Military and Police

The Iraqi Army’s Coalition Operation to Reclaim Mosul: A Slow and Bloody Slog

By Mike Furlong:

It has been nine weeks since the Iraqi Military Coalition began its assault on October 17, 2016 to reclaim Mosul, Iraq, from the Islamic State (ISIS) radical Islamic terrorists. Progress was relatively quick during the first few weeks when the two-pronged attack was clearing the villages and towns just outside of Mosul’s so-called city limits. During the past month or so, only a few blocks of enduring penetration into the Mosul city limits have been achieved.

This limited military penetration has been gained with significant casualties to the Iraqi Military Coalition (IMC). Although the Iraqi government does not publicly track casualties, UN observers conservatively claim that Coalition forces have suffered approximately 2,000 troops killed in action. That number does not include the wounded troops or civilian casualties inside Mosul. On top of all that, there are 80,000 to 100,00 internally displaced Mosul residents.

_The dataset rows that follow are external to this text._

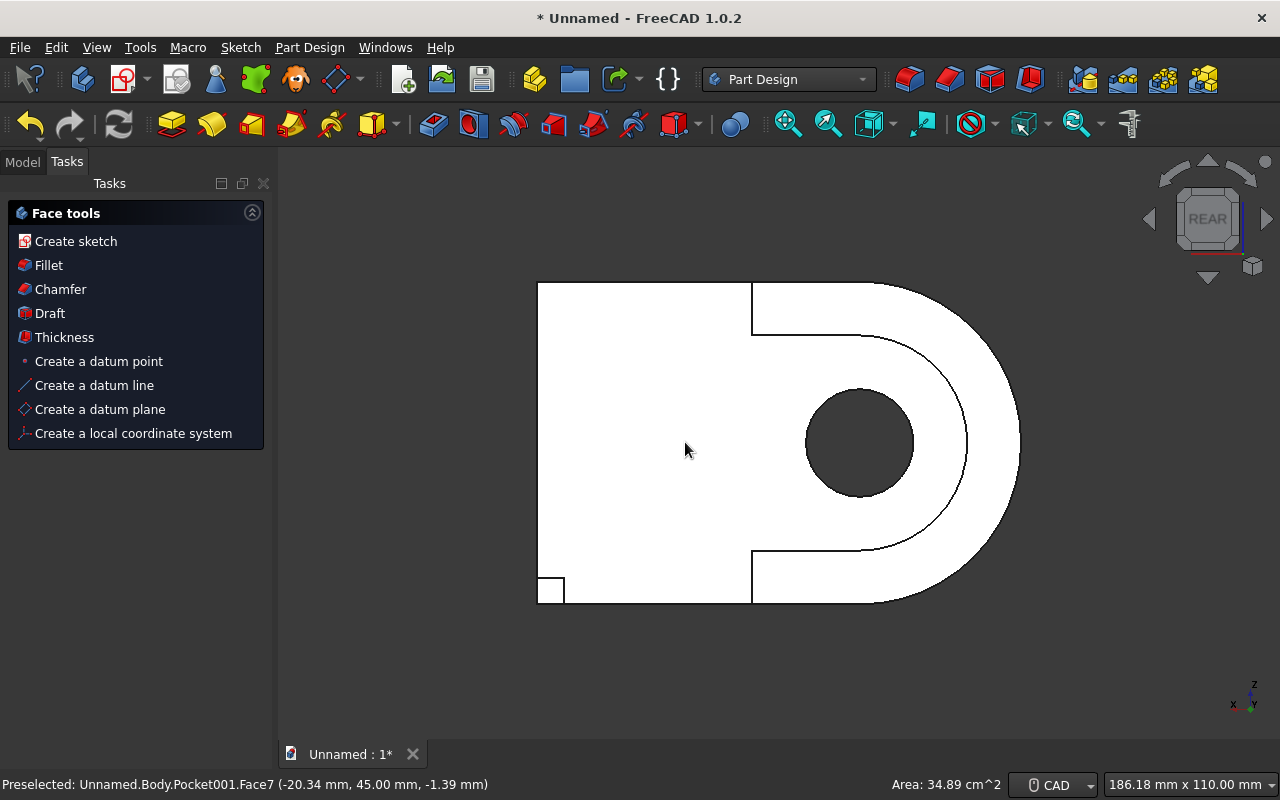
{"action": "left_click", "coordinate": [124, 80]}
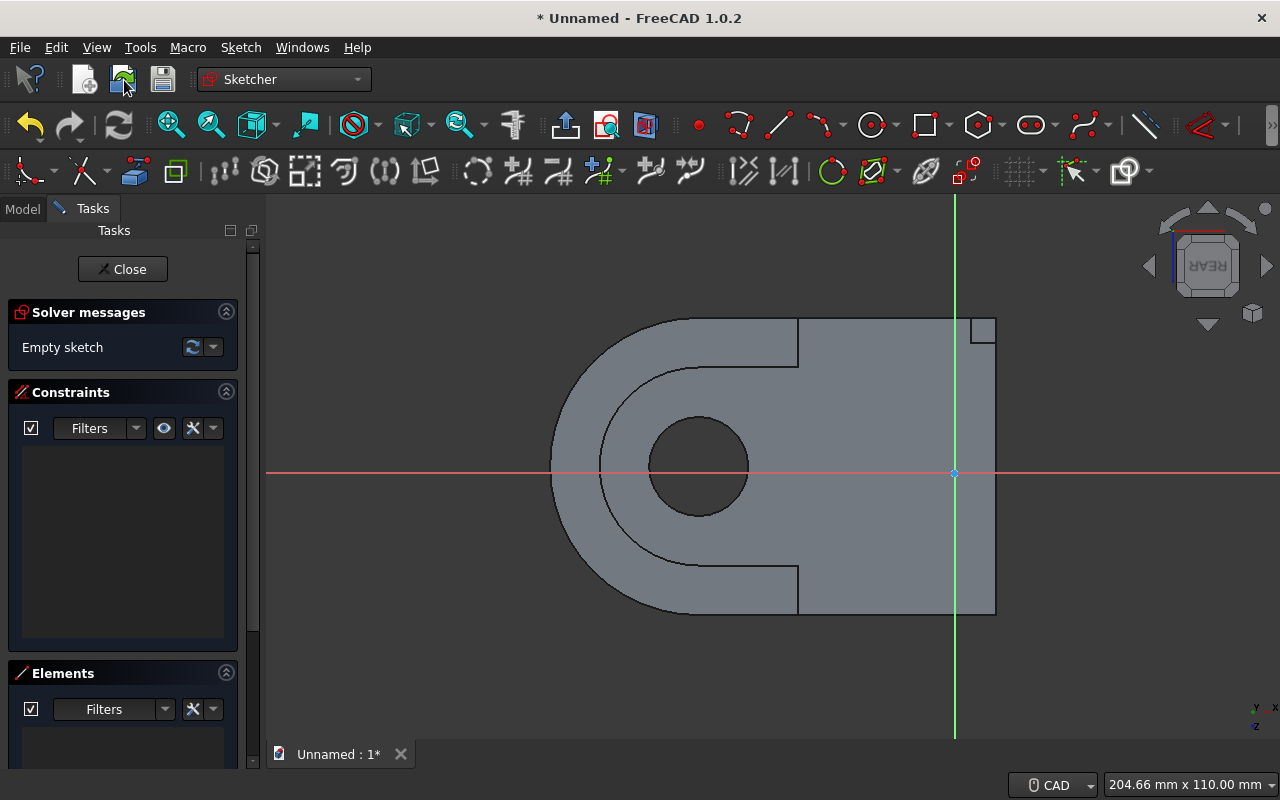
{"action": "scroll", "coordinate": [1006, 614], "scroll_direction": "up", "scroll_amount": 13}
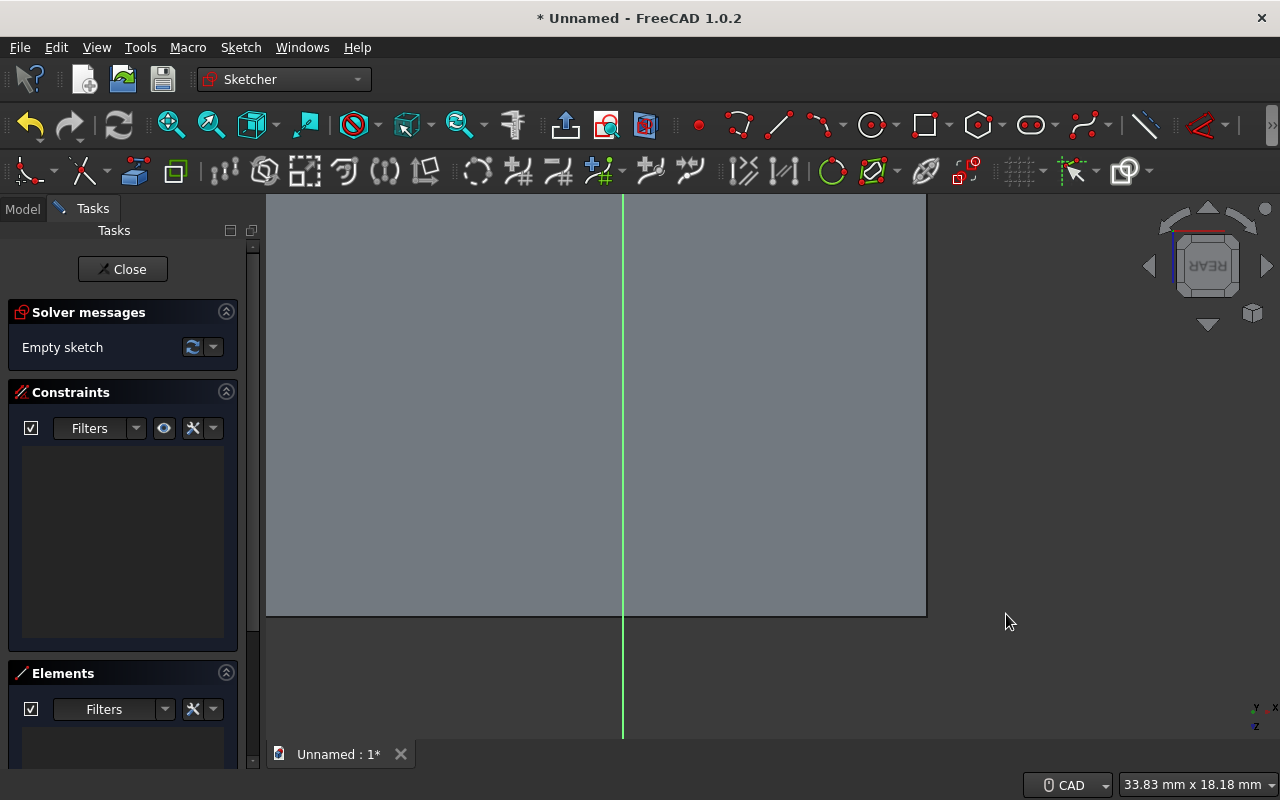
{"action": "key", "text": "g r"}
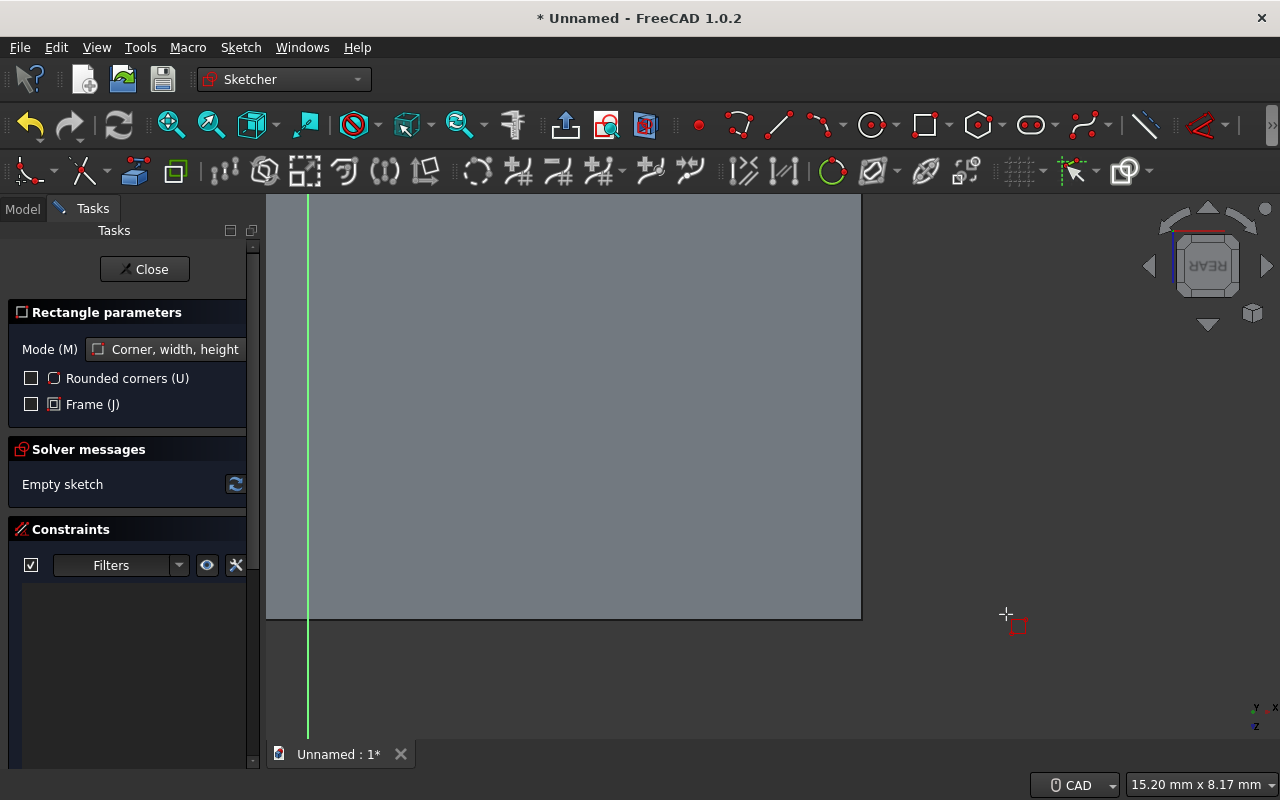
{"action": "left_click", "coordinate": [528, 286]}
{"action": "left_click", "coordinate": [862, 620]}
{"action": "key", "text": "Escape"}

As reported previously, the IMC includes Iraqi Army conventional forces, Iraq’s elite First Special Operations Brigade (the Golden Brigade), Iraqi Shiite militias, Iranian Revolutionary Guard elements, Shiite Popular Mobilization Units (militia), Kurdish Peshmerga forces, and “advisers, trainers, and support” from American, French, British, and possibly Australian special forces, as well as scores of strike aircraft, helicopter gunships, and unmanned aerial vehicles (drones).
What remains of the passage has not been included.